Winning a card dispute requires session-level evidence captured at transaction time, not reconstructed after a chargeback is filed. Visa and Mastercard dispute processes increasingly require device fingerprints, browser session timelines, script activity logs, and behavioural signals as proof. cside captures full session context automatically for every transaction with 100% session coverage and no sampling. When a dispute is filed, a pre-built evidence package is ready to export in seconds. Merchants using cside for chargeback evidence see an average 40% increase in dispute win rates (platform data, 2024-2025).

cside integrates directly with Chargebacks911 (CB911) for end-to-end dispute management. The Chargeback Evidence feature, available in the Fingerprint Enterprise plan, captures device fingerprints tied to order IDs at transaction time and formats pre-built evidence packages that meet CB911's dispute submission requirements. When a dispute is raised, your evidence package exports in seconds rather than hours. The integration removes the manual work of assembling evidence after the fact and gives your disputes team the session-level proof that card network arbitration increasingly requires.

A pageview is counted each time a page on your monitored site loads in a browser and the cside script executes.

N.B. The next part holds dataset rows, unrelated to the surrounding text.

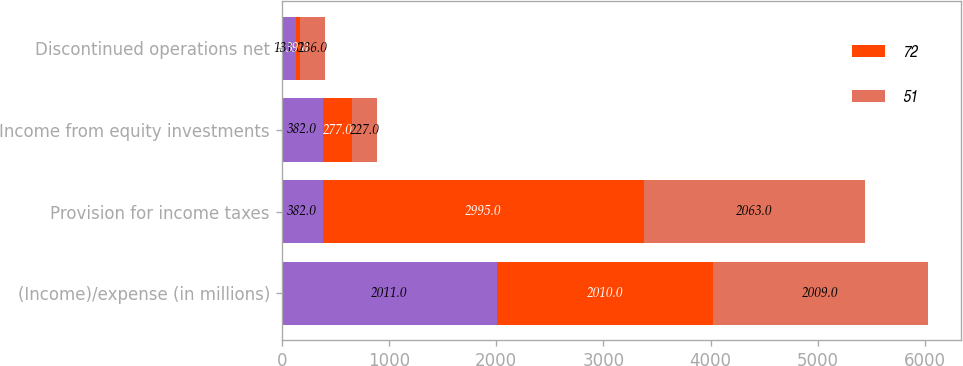Convert chart. <chart><loc_0><loc_0><loc_500><loc_500><stacked_bar_chart><ecel><fcel>(Income)/expense (in millions)<fcel>Provision for income taxes<fcel>Income from equity investments<fcel>Discontinued operations net<nl><fcel>nan<fcel>2011<fcel>382<fcel>382<fcel>131<nl><fcel>72<fcel>2010<fcel>2995<fcel>277<fcel>39<nl><fcel>51<fcel>2009<fcel>2063<fcel>227<fcel>236<nl></chart> 
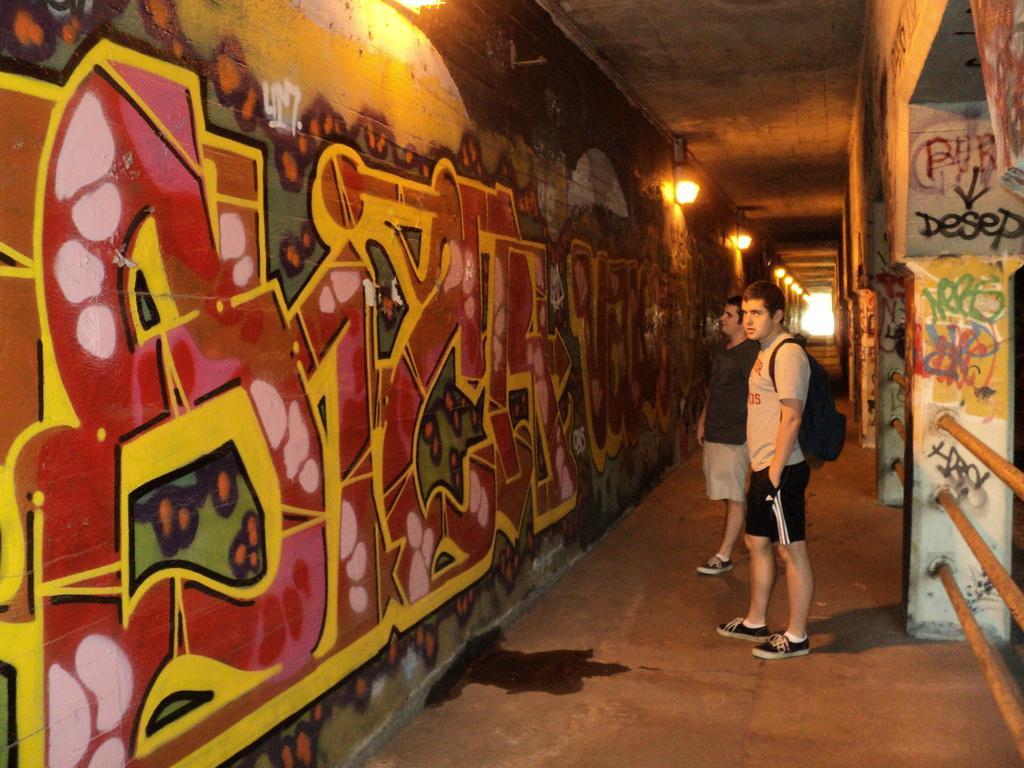How would you summarize this image in a sentence or two? In this picture there is a view of the tunnel. In the front there are two boys standing and looking straight. In the front there is a wall with spray paint and some spotlights. On the right side there is a yellow color railing. 
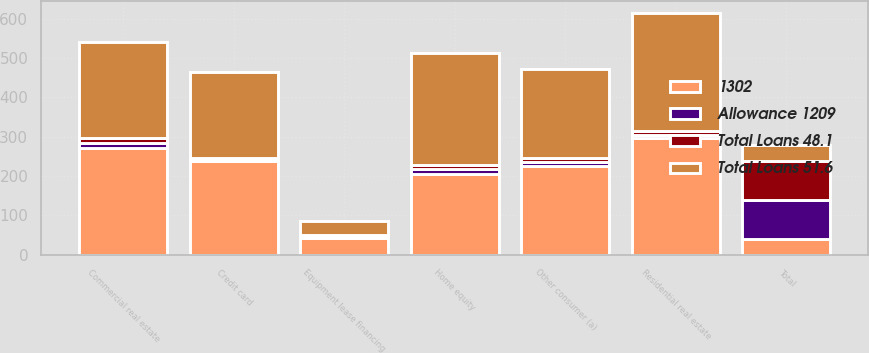<chart> <loc_0><loc_0><loc_500><loc_500><stacked_bar_chart><ecel><fcel>Commercial real estate<fcel>Equipment lease financing<fcel>Home equity<fcel>Residential real estate<fcel>Credit card<fcel>Other consumer (a)<fcel>Total<nl><fcel>1302<fcel>271<fcel>42<fcel>204<fcel>297<fcel>239<fcel>226<fcel>39<nl><fcel>Total Loans 48.1<fcel>12.4<fcel>3.2<fcel>11.6<fcel>8.3<fcel>2.8<fcel>10.1<fcel>100<nl><fcel>Total Loans 51.6<fcel>244<fcel>36<fcel>284<fcel>300<fcel>220<fcel>225<fcel>39<nl><fcel>Allowance 1209<fcel>13.1<fcel>3.6<fcel>12.9<fcel>7.8<fcel>2.6<fcel>9.9<fcel>100<nl></chart> 
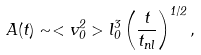Convert formula to latex. <formula><loc_0><loc_0><loc_500><loc_500>A ( t ) \sim < v _ { 0 } ^ { 2 } > l _ { 0 } ^ { 3 } \left ( \frac { t } { t _ { n l } } \right ) ^ { 1 / 2 } ,</formula>

For PCI DSS compliance pricing, only views of your payment and checkout pages count toward your limit, not total site traffic.

API usage is measured in fingerprint requests. Each time your application calls sendClientTelemetry, it counts as one call. Your dashboard gives you a live view of request volume across all monitored properties.

Yes, on the Enterprise plan. cside supports MTU-based pricing as an alternative to pageview or API call volume. You pay based on the number of unique users fingerprinted each month rather than total request count. This model works well for sites with high repeat-visit traffic, where per-request pricing would otherwise inflate costs without adding coverage.